Final Reflections
Reflecting on my journey to Laidlaw and the perceptions I had of leadership, I can see that my initial ideas, although are still relevant and important to being a great leader, needed development and experience in order to ground and develop them. I used to equate leadership to being able to speak to everyone, creating connection with different people, and taking risks, being decisive. Since this, my ideas have developed and deepened. Through the last two years, the Leadership-in-Action project and research project have shown me that leadership can include the quieter, more intimate forms of direction: learning to pick up pieces when others cannot, leaving space to compromise on what might’ve previously been non-negotiables, and importantly, communication is the key to leading successfully, even when this may be difficult to do. When communication and empathy is absent, things can slowly break down and make situations more difficult than intended. In the letters written in Toby’s workshops to our future selves, the naivety of my initial ideas was evident and reinforced this. I wrote about wanting to take risks and be at the forefront of all the leadership opportunities that came, not understanding the ways in which leadership doesn’t have to be front-facing and loud. Some of the hardest challenges and the biggest opportunities to grow came from the ability to do the nitty gritty work behind the scenes. Thus, leadership ideas changed: it isn’t a one-time act – it’s an ongoing, human process. It grows through trust, open dialogue, and the quiet, everyday acts of encouragement just as much as through major choices. I think of it now as collective stewardship: making sure the boat stays steady, each person pulling their weight, and progress happening side by side.
Across the last two years, my growth as a leader has been less about adding new traits and more about re-shaping how I understand responsibility, influence, and impact; through the Laidlaw projects this definition became more layered. My research with artists in Turkey has expanded that definition. Interviewing painters, weavers, jewellers, ceramicists, and shopkeepers across Istanbul, Ankara, and Izmir exposed me to forms of leadership rooted in quiet resilience rather than formal authority. Many of the artists I spoke to navigated political pressure, financial precarity, and limited institutional support, yet continued creating as a means of survival, cultural preservation, and subtle dissent. Observing how they adapted heritage practices to contemporary life, balanced authenticity with economic necessity, and expressed identity in ways that were sometimes safer through art than words, challenged my assumptions about what influence looks like. Leadership, I learned, can mean sustaining something fragile, holding space for identity, and continuing to show up under constraint. This translated into my own practice: I became more comfortable stepping back, listening closely, and doing the behind-the-scenes work that keeps teams steady – picking up tasks when others were overwhelmed, compromising on positions I once saw as fixed, and approaching difficult conversations with empathy rather than urgency to resolve.

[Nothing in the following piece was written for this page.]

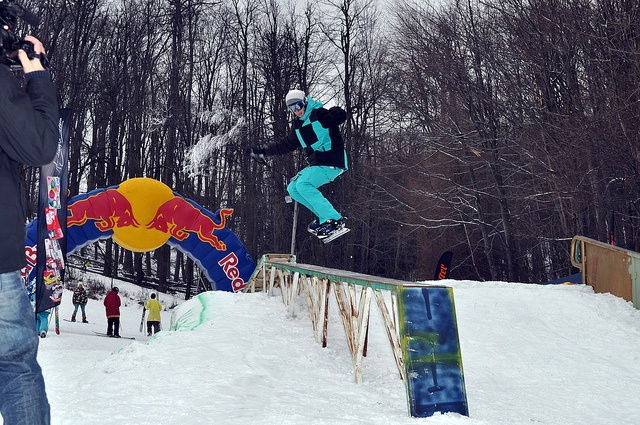Describe the objects in this image and their specific colors. I can see people in white, black, gray, and darkblue tones, people in white, black, teal, and turquoise tones, people in white, maroon, black, gray, and darkgray tones, people in white, olive, black, and lightgray tones, and people in white, black, gray, lightgray, and navy tones in this image. 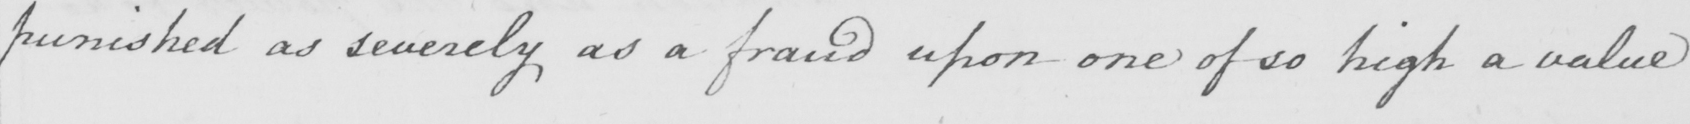Please provide the text content of this handwritten line. punished as severely as a fraud upon one of so high a value

What surprised me most during the programme was how much leadership depends on patience, emotional awareness, and trust-building, rather than constant visible action. Alongside this internal shift, I developed practical competencies: conducting independent qualitative research, navigating cross-cultural communication, managing uncertainty in unfamiliar environments, receiving and applying feedback, and balancing confidence with humility. Completing this programme equips me for the future not only with skills but with a different orientation toward the world. One of the biggest surprises was realising how often effective leadership feels subtle and even uncomfortable: it can involve slowing down progress to ensure everyone is aligned, addressing tensions early, or accepting that a good outcome might not reflect my original vision. As a human being and global citizen, I am more attentive to power dynamics, cultural context, and whose voices are heard or silenced, and more committed to collaborative, ethical forms of leadership that prioritise inclusion and sustainability over visibility. Professionally and academically, the experience has strengthened my ability to lead long-term projects and approach complex problems with both critical thinking and emotional intelligence. Most importantly, it has shown me that leadership is not a fixed trait but an ongoing practice of shared responsibility – keeping the canoe balanced, ensuring everyone is paddling, and moving forward together with care and intention.